Путем целого ряда лживых сообщений в специальных журналах доктор Вассори мог создать себе славу выдающегося специалиста. Он знал, как пустить пыль в глаза даже своим коллегам, которые были слишком простодушны и благородны, чтобы распознать его.

Естественным следствием был поток пациентов, которые все искали у него помощи.

Стоило только прийти к нему кому‑нибудь с ничтожным ослаблением зрения и дать осмотреть себя, как доктор Вассори с гнусной планомерностью брался за дело.

Сперва он устраивал обычный врачебный опрос, причем чтобы на всякий случай потом все было скрыто, искусно отмечал те ответы, которые говорили за катаракт.

Он осторожно зондировал, не был ли раньше кем‑либо поставлен диагноз.

В разговоре он вскользь замечал, что получил из‑за границы настойчивое приглашение важного научного характера и завтра же должен ехать.

При исследовании глаза электрическим светом, которое он потом предпринимал, он намеренно причинял больному как можно больше боли.

Все преднамеренно! Все преднамеренно!

Когда исследование кончалось, и пациент осторожно задавал обычный вопрос, есть ли основание опасаться чего‑нибудь серьезного, доктор Вассори делал свой первый ход.

Он усажинал больного против себя, минуту молчал, потом размеренным и звучным голосом произносил:

«Слепота на оба глаза уже в самое ближайшее время совершенно неизбежна!»

 

Следовавшая за этим сцена бывала ужасна.

Часто люди падали в обморок, плакали, кричали, в диком отчаянии бросались на пол.

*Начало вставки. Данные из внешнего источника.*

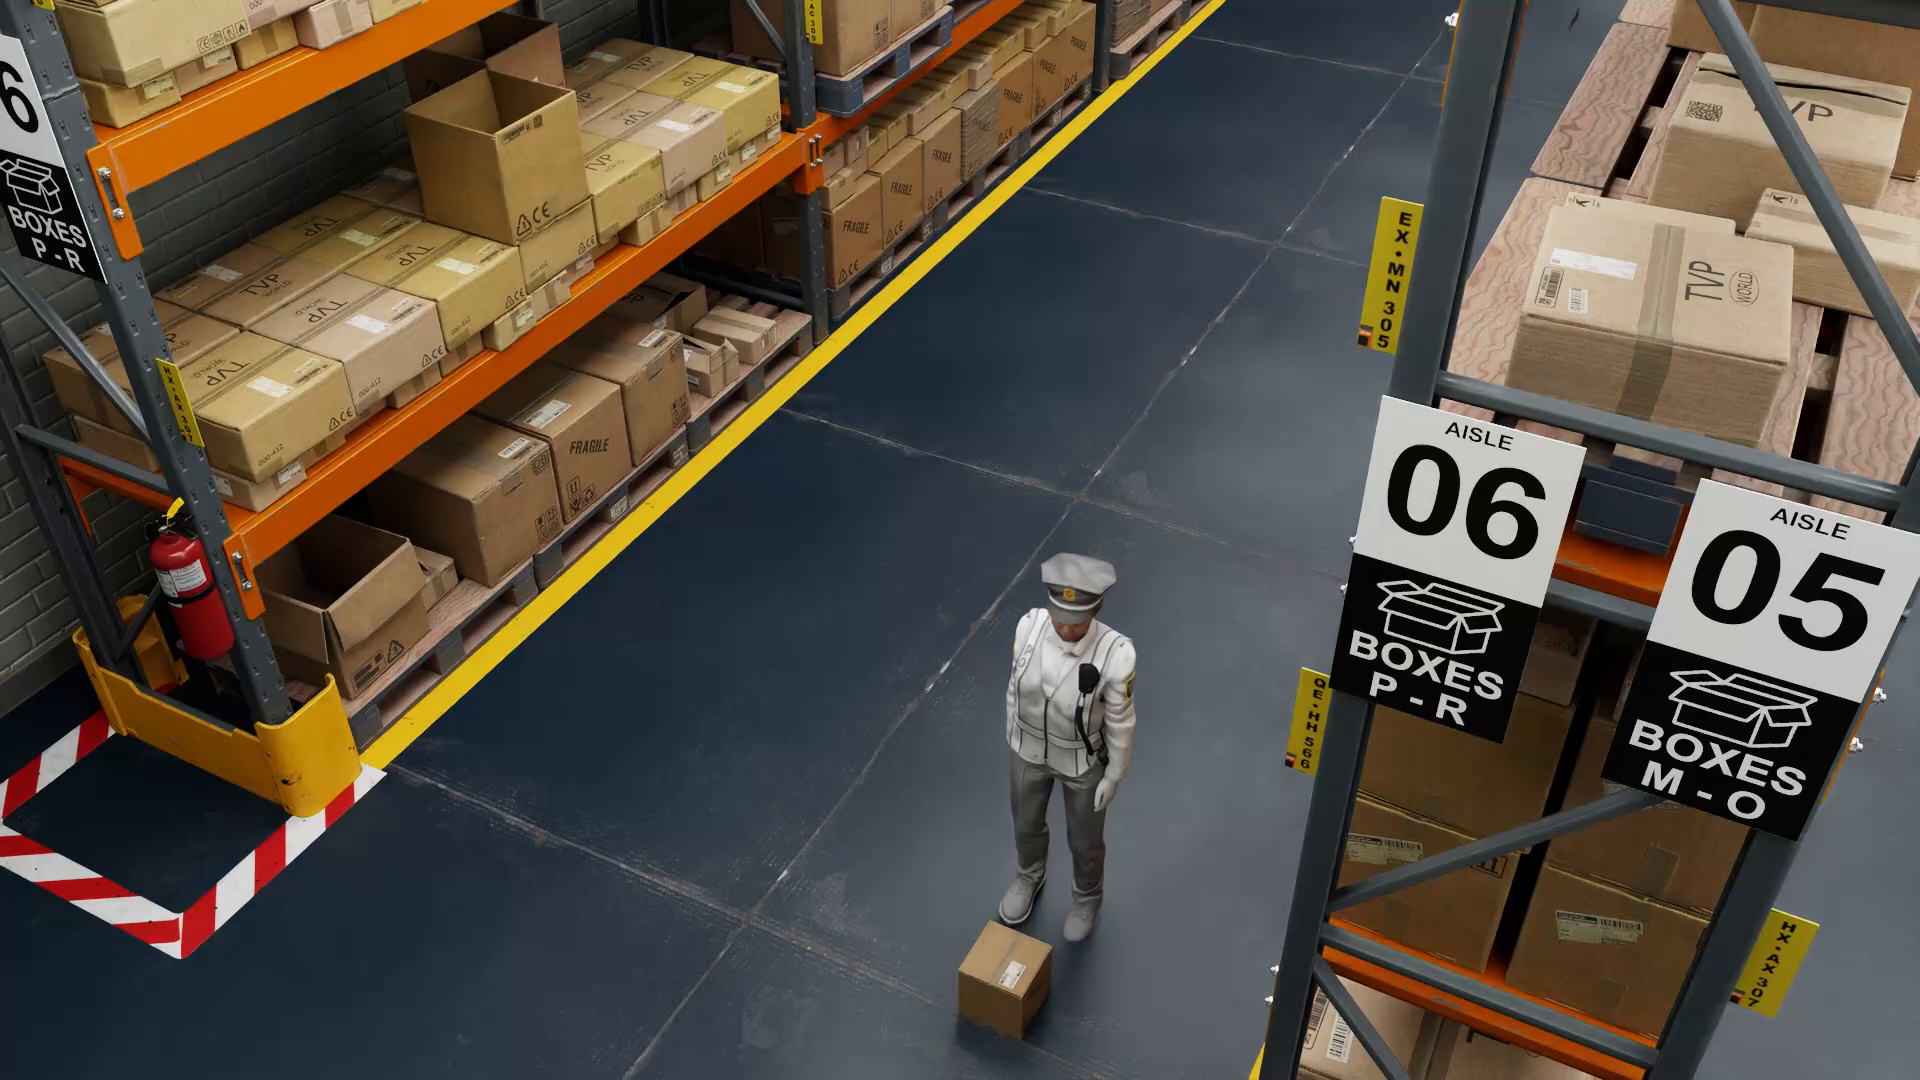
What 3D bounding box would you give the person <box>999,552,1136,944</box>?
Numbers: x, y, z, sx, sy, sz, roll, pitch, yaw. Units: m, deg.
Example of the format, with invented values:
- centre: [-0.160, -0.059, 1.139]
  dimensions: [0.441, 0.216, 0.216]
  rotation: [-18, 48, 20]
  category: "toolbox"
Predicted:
- centre: [0.362, 0.763, 5.791]
  dimensions: [0.468, 1.690, 0.329]
  rotation: [17, 41, 21]
  category: "person"

Потерять зрение, значит потерять все.

Затем снова наступал обычный момент, несчастная жертва обнимала колени доктора Вассори и, умоляя, спрашивала, неужели на Божьем свете нет никакого средства помочь. Тогда бестия делала второй ход и сама обращалась в того бога, который призван помочь.

Все, все в мире, майстер Пернат, игра в шахматы!

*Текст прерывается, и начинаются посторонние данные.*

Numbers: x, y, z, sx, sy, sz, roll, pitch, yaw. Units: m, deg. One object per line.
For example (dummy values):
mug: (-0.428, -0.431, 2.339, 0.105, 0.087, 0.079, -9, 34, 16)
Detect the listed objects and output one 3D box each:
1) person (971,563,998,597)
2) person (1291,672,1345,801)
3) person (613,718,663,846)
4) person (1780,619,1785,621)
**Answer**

Немедленная операция, говорил задумчиво доктор Вассори, – единственное, что, вероятно, может спасти. И с диким, жадным тщеславием, которое вдруг на него находило, он разражался потоком красноречивых описаний разных случаев, из которых каждый имел изумительно много общего с настоящим – какое множество больных обязано ему одному сохранением зрения! И дальше в таком же роде.

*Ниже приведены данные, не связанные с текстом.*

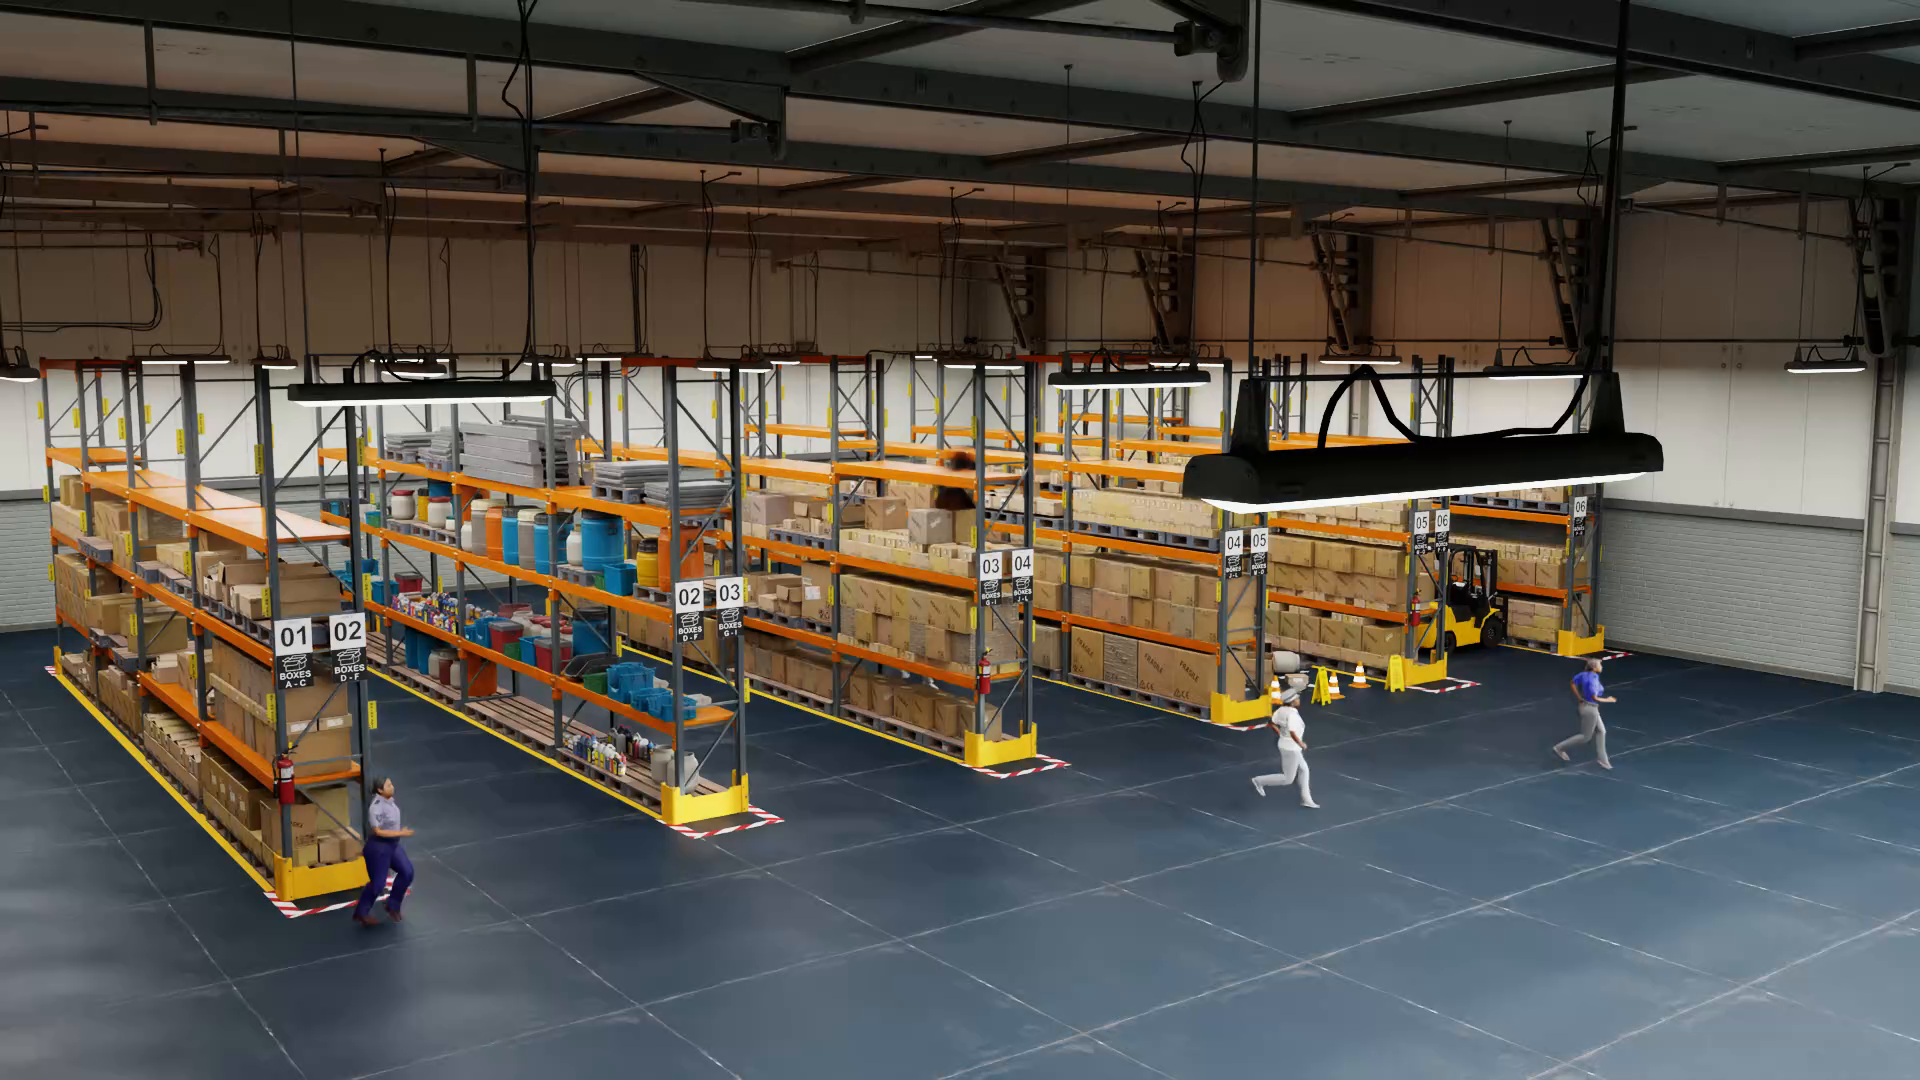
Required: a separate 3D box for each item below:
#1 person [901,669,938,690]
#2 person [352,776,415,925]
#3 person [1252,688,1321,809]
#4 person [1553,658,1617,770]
[{"bbox_3d":[-0.738,1.827,30.454,0.724,1.765,0.957,-6,9,-42],"label":"person"},{"bbox_3d":[-6.233,3.391,18.027,0.707,1.696,0.621,0,7,1],"label":"person"},{"bbox_3d":[4.423,2.835,22.481,0.982,1.694,0.555,0,7,-2],"label":"person"},{"bbox_3d":[9.271,2.583,24.639,0.894,1.701,0.608,1,7,6],"label":"person"}]

Его опьяняло сознание, что его считают каким‑то высшим существом, в руках которого находится счастье и горе людей.

Беспомощная жертва сидела с сердцем, полным жгучих вопросов, совершенно разбитая, в поту, и не решалась прервать его, страшась разгневать единственного, имеющего силу помочь.

И заявлением, что, к сожалению, он сможет приступить к операции только через несколько месяцев, когда он вернется из своей поездки, доктор Вассори кончал свою речь.

Надо надеяться – в таких случаях всегда надо надеяться на лучшее – будет еще и тогда не поздно, говорил он.

Конечно, больной вскакивал в ужасе, говорил, что он ни в коем случае не хочет ждать ни одного дня, со слезами умолял порекомендовать другого окулиста, который мог бы произвести подобную операцию.

Здесь наступал момент, когда доктор Вассори наносил решительный удар.

Он ходил в глубоком раздумье по комнате, досадливо морщил свой лоб и, наконец, сокрушенно заявлял, что обратиться к другому врачу значит непременно подвергнуть глаза вторичному освещению электрической лампой, а это из‑за резкости лучей – пациент сам знает уже, как это болезненно – может подействовать роковым образом.

Другому врачу, не говоря уже о том, что большинство из них не имеет достаточного опыта в иридоктомии, придется прежде, чем приступить к хирургическому вмешательству, произвести новое исследование, но не иначе, как спустя некоторое время, чтобы дать оправиться нервам глаз.

Харусек сжал кулаки.

– Это мы называем в шахматной игре вынужденным ходом, милый майстер Пернат. – То, что дальше следует, опять вынужденный ход – один за другим.

Полуобезумев от отчаяния, пациент начинает заклинать доктора Вассори сжалиться вад ним, отложить поездку хотя бы на один день и лично сделать операцию. Ведь здесь идет речь больше, чем о близкой смерти. Ужасный, мучительный страх каждое мгновение сознавать, что должен ослепнуть – это ведь самое ужасное, что может быть на свете.

И чем больше изверг артачился и плакался, что отсрочка в его отъезде может принести ему неисчислимые убытки, тем большую сумму добровольно предлагал пациент.

Когда сумма казалась доктору Вассори достаточно высокой, он сдавался, и непременно в тот же день, раньше чем какой‑нибудь случай мог бы расстроить его план, наносил обоим здоровым глазам несчастного непоправимый ущерб, вызывая постоянное чувство помутнения зрения, которое должно было обратить жизнь в непрерывную муку. Следы же преступления были раз и навсегда заметены.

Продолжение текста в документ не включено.